Pivoting to focus on the feature really leveraged her strengths. She knew how to take it to market via sales. Finding a viable direction was a huge breakthrough, and listening to their customers was the secret to finding it.
Often, the business you start out with isn’t the business you end up having. Mental flexibility is the key to entrepreneurial success, Freddie adds.
Dealing with the Oh Ship! moment brought on by COVID-19
The pandemic created two major Oh Ship! moments for CommerceNext:
- They’d already completed their high-profile annual survey of over 100 executives in retail and written up the report, a major undertaking, when COVID hit and made all that data completely irrelevant. They had to resurvey in June to gain pertinent insights. Given the environment of the pandemic, though, the survey data was more valuable than ever. People were hungry for guidance, and the survey delivered.
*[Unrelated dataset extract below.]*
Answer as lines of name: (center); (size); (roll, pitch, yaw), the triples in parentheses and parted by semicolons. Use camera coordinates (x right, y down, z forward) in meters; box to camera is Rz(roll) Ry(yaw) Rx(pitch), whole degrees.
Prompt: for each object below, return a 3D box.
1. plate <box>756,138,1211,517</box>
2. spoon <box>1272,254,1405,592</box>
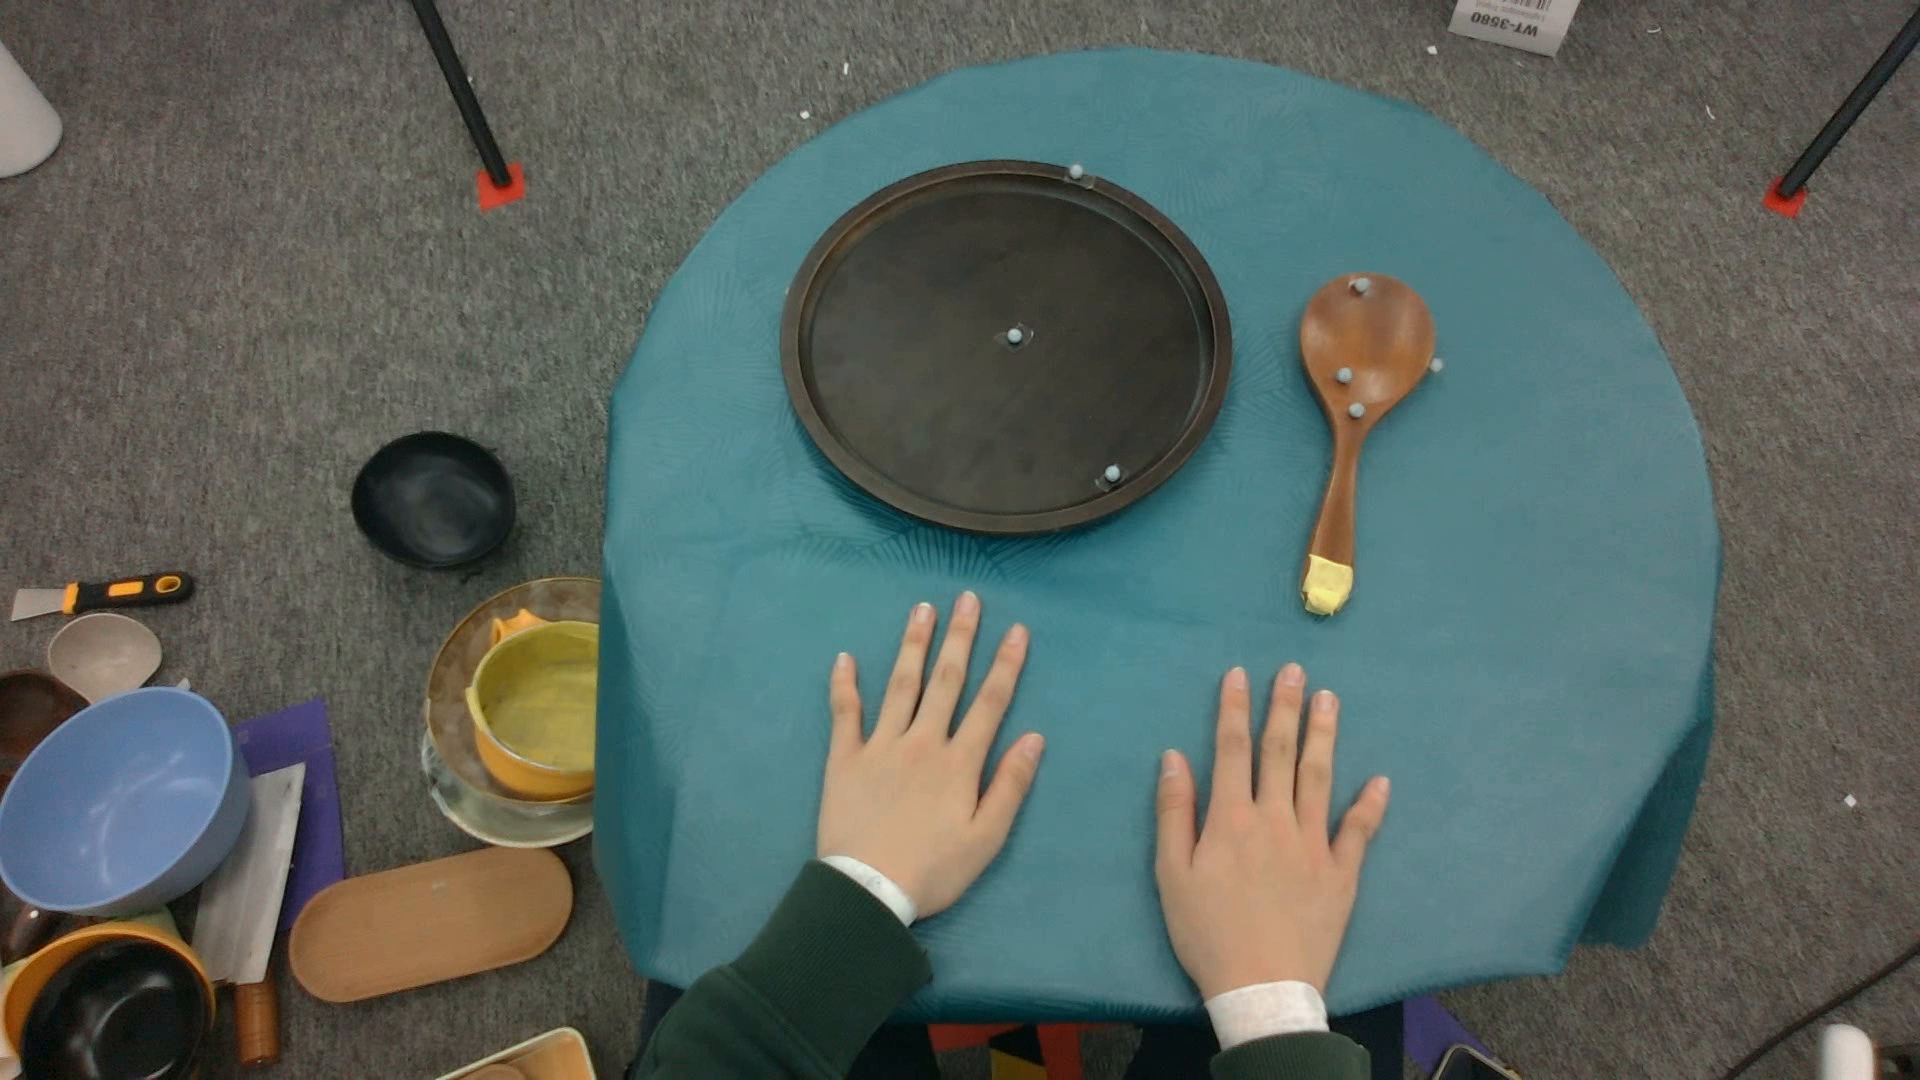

- Events have long lead times, requiring venue booking and sponsorships. As the pandemic unfolded, they gathered data on how it would affect everyone. That resulted in their first webinar, which led to virtual lunches and, ultimately, their virtual summit. They worked to listen to their customers and respond quickly while knowing they wouldn’t be perfect. They asked solutions providers who had already paid to sponsor events to put their money into funding the webinars. “We’re not technology people. We are event people. And we’re having to learn how to broadcast live video content, but I think it’s turning out really well,” she says. Thousands of people have been attending, and many more watch the replays. They’re keeping the audience informed and engaged while putting sponsors in front of their prospects.
What lessons can others take from this success?
Learn while doing.
The biggest challenge of COVID is its unpredictability, Veronika says. “You can’t plan; it’s impossible to plan right now. Every day is different, and you have to plan in ways that are flexible so you can get out of whatever you were initially doing. You have to have lots of contingency plans; you have to be able to react really quickly.” Businesses that have succeeded in COVID have remained nimble and created the infrastructure to make quick decisions, she says. “If you wait till you’re perfect, you probably waited too long.”
Be flexible.
It’s hard for retailers to be flexible when they have huge stores to contend with, but some are finding new ways to be agile, Veronika explains. For instance, AR is becoming more widely used for things like trying on makeup. Companies are valuing their ecommerce divisions more and more, as often, they’re the only part of the business that’s really functioning. They’ve been making big decisions quickly rather than deliberating. In some cases, they’ve been setting up curbside pickup in a matter of weeks. Those that had strong balance sheets to begin with are naturally more likely to survive, she notes.
Take shortcuts.
“Look for ways that you can take shortcuts,” she says. “Good entrepreneurs don’t follow a path.” You also don’t need to plan everything. “You just have to have a thesis, figure out how to test that thesis, figure out the first few steps, and then just start doing,” she asserts.
By staying flexible, you’ll not only weather times of crisis like COVID-19; you’ll also find a direction that more fully plays to your strengths. Like Veronika, work to identify what you do best and leverage those talents—even if it requires several pivots!